Your goal:
What lines below hold the string "GetStringSlice"? Copy them all.

Given entries:
____________________

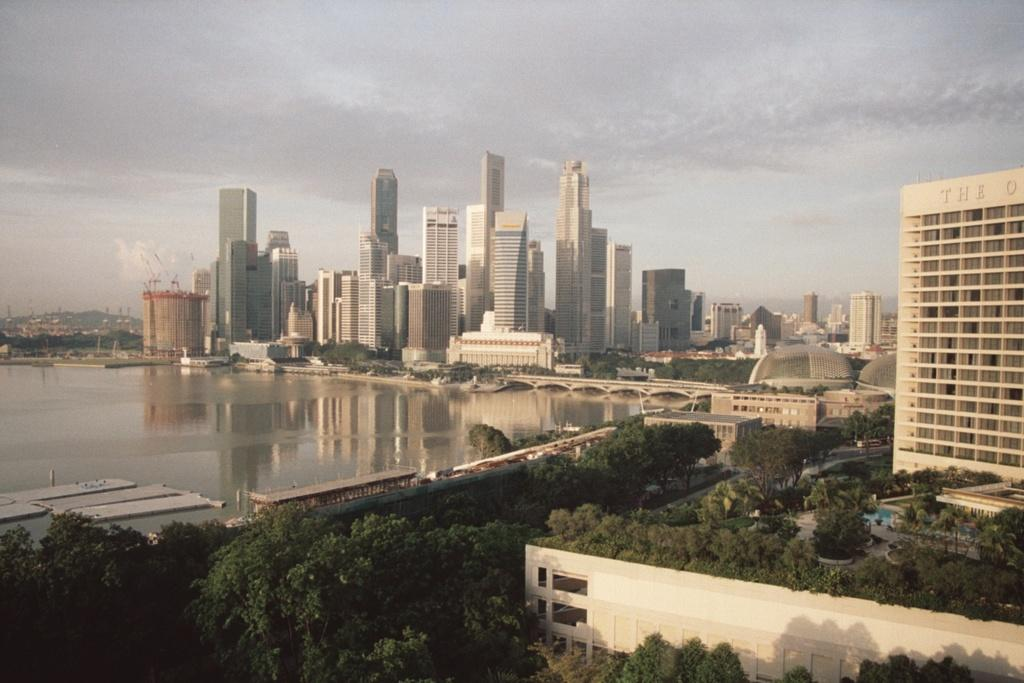What type of vegetation can be seen in the image? There are trees in the image. What is the color of the trees? The trees are green in color. What can be seen in the background of the image? There is water visible in the background of the image. What type of structures are present in the image? There are buildings in the image. What is the color of the buildings? The buildings are white and cream in color. What is the color of the sky in the image? The sky is white in color. How many jellyfish can be seen swimming in the water in the image? There are no jellyfish present in the image; it only features trees, water, buildings, and a white sky. What shape is the circle in the image? There is no circle present in the image. 
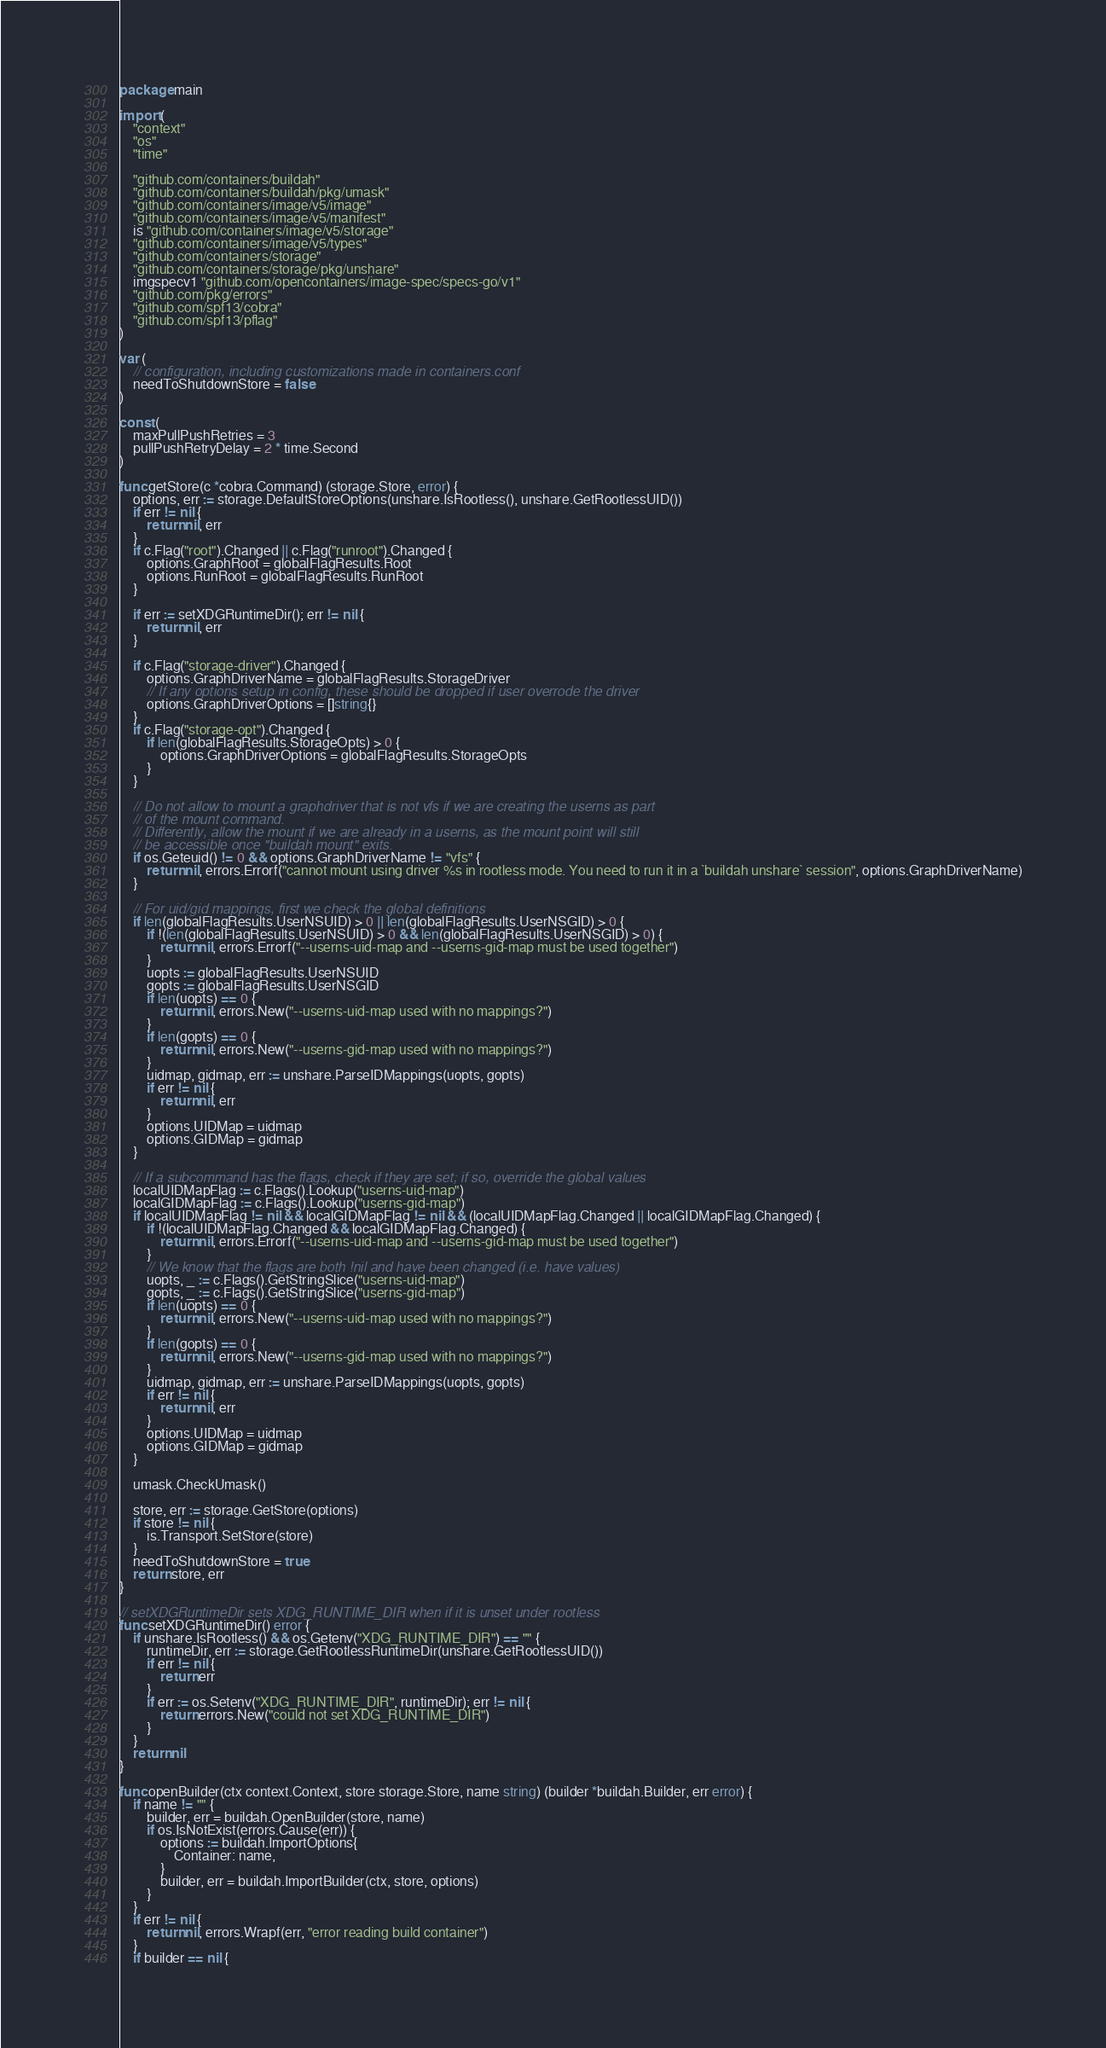<code> <loc_0><loc_0><loc_500><loc_500><_Go_>package main

import (
	"context"
	"os"
	"time"

	"github.com/containers/buildah"
	"github.com/containers/buildah/pkg/umask"
	"github.com/containers/image/v5/image"
	"github.com/containers/image/v5/manifest"
	is "github.com/containers/image/v5/storage"
	"github.com/containers/image/v5/types"
	"github.com/containers/storage"
	"github.com/containers/storage/pkg/unshare"
	imgspecv1 "github.com/opencontainers/image-spec/specs-go/v1"
	"github.com/pkg/errors"
	"github.com/spf13/cobra"
	"github.com/spf13/pflag"
)

var (
	// configuration, including customizations made in containers.conf
	needToShutdownStore = false
)

const (
	maxPullPushRetries = 3
	pullPushRetryDelay = 2 * time.Second
)

func getStore(c *cobra.Command) (storage.Store, error) {
	options, err := storage.DefaultStoreOptions(unshare.IsRootless(), unshare.GetRootlessUID())
	if err != nil {
		return nil, err
	}
	if c.Flag("root").Changed || c.Flag("runroot").Changed {
		options.GraphRoot = globalFlagResults.Root
		options.RunRoot = globalFlagResults.RunRoot
	}

	if err := setXDGRuntimeDir(); err != nil {
		return nil, err
	}

	if c.Flag("storage-driver").Changed {
		options.GraphDriverName = globalFlagResults.StorageDriver
		// If any options setup in config, these should be dropped if user overrode the driver
		options.GraphDriverOptions = []string{}
	}
	if c.Flag("storage-opt").Changed {
		if len(globalFlagResults.StorageOpts) > 0 {
			options.GraphDriverOptions = globalFlagResults.StorageOpts
		}
	}

	// Do not allow to mount a graphdriver that is not vfs if we are creating the userns as part
	// of the mount command.
	// Differently, allow the mount if we are already in a userns, as the mount point will still
	// be accessible once "buildah mount" exits.
	if os.Geteuid() != 0 && options.GraphDriverName != "vfs" {
		return nil, errors.Errorf("cannot mount using driver %s in rootless mode. You need to run it in a `buildah unshare` session", options.GraphDriverName)
	}

	// For uid/gid mappings, first we check the global definitions
	if len(globalFlagResults.UserNSUID) > 0 || len(globalFlagResults.UserNSGID) > 0 {
		if !(len(globalFlagResults.UserNSUID) > 0 && len(globalFlagResults.UserNSGID) > 0) {
			return nil, errors.Errorf("--userns-uid-map and --userns-gid-map must be used together")
		}
		uopts := globalFlagResults.UserNSUID
		gopts := globalFlagResults.UserNSGID
		if len(uopts) == 0 {
			return nil, errors.New("--userns-uid-map used with no mappings?")
		}
		if len(gopts) == 0 {
			return nil, errors.New("--userns-gid-map used with no mappings?")
		}
		uidmap, gidmap, err := unshare.ParseIDMappings(uopts, gopts)
		if err != nil {
			return nil, err
		}
		options.UIDMap = uidmap
		options.GIDMap = gidmap
	}

	// If a subcommand has the flags, check if they are set; if so, override the global values
	localUIDMapFlag := c.Flags().Lookup("userns-uid-map")
	localGIDMapFlag := c.Flags().Lookup("userns-gid-map")
	if localUIDMapFlag != nil && localGIDMapFlag != nil && (localUIDMapFlag.Changed || localGIDMapFlag.Changed) {
		if !(localUIDMapFlag.Changed && localGIDMapFlag.Changed) {
			return nil, errors.Errorf("--userns-uid-map and --userns-gid-map must be used together")
		}
		// We know that the flags are both !nil and have been changed (i.e. have values)
		uopts, _ := c.Flags().GetStringSlice("userns-uid-map")
		gopts, _ := c.Flags().GetStringSlice("userns-gid-map")
		if len(uopts) == 0 {
			return nil, errors.New("--userns-uid-map used with no mappings?")
		}
		if len(gopts) == 0 {
			return nil, errors.New("--userns-gid-map used with no mappings?")
		}
		uidmap, gidmap, err := unshare.ParseIDMappings(uopts, gopts)
		if err != nil {
			return nil, err
		}
		options.UIDMap = uidmap
		options.GIDMap = gidmap
	}

	umask.CheckUmask()

	store, err := storage.GetStore(options)
	if store != nil {
		is.Transport.SetStore(store)
	}
	needToShutdownStore = true
	return store, err
}

// setXDGRuntimeDir sets XDG_RUNTIME_DIR when if it is unset under rootless
func setXDGRuntimeDir() error {
	if unshare.IsRootless() && os.Getenv("XDG_RUNTIME_DIR") == "" {
		runtimeDir, err := storage.GetRootlessRuntimeDir(unshare.GetRootlessUID())
		if err != nil {
			return err
		}
		if err := os.Setenv("XDG_RUNTIME_DIR", runtimeDir); err != nil {
			return errors.New("could not set XDG_RUNTIME_DIR")
		}
	}
	return nil
}

func openBuilder(ctx context.Context, store storage.Store, name string) (builder *buildah.Builder, err error) {
	if name != "" {
		builder, err = buildah.OpenBuilder(store, name)
		if os.IsNotExist(errors.Cause(err)) {
			options := buildah.ImportOptions{
				Container: name,
			}
			builder, err = buildah.ImportBuilder(ctx, store, options)
		}
	}
	if err != nil {
		return nil, errors.Wrapf(err, "error reading build container")
	}
	if builder == nil {</code>

____________________

Response:
		uopts, _ := c.Flags().GetStringSlice("userns-uid-map")
		gopts, _ := c.Flags().GetStringSlice("userns-gid-map")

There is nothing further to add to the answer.